#### What to work on
The answer must consist solely of the lines from the line with "Units: m, deg. One object per line." to the final line of the data below, reproduced exactly, pictures omitted.

[Study material — start]

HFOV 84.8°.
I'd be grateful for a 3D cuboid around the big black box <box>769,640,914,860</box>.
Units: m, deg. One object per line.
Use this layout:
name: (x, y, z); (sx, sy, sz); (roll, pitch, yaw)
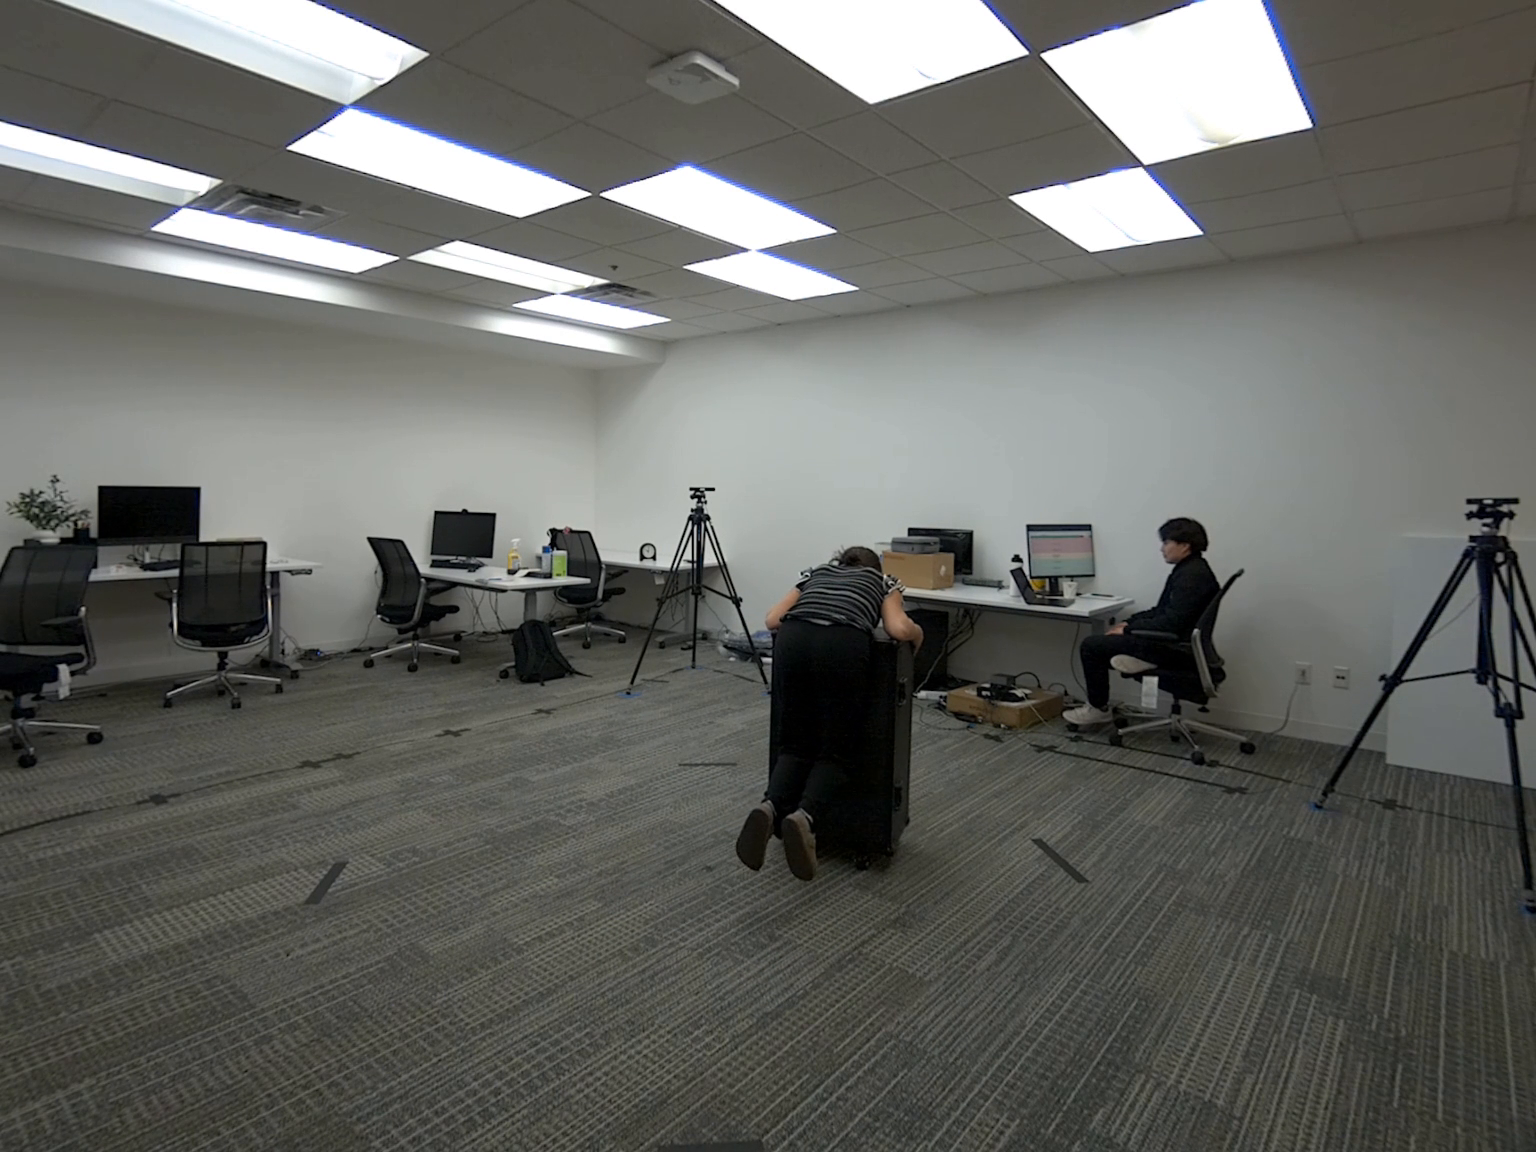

[Study material — finish]

#### Solution for this problem
Units: m, deg. One object per line.
Use this layout:
name: (x, y, z); (sx, sy, sz); (roll, pitch, yaw)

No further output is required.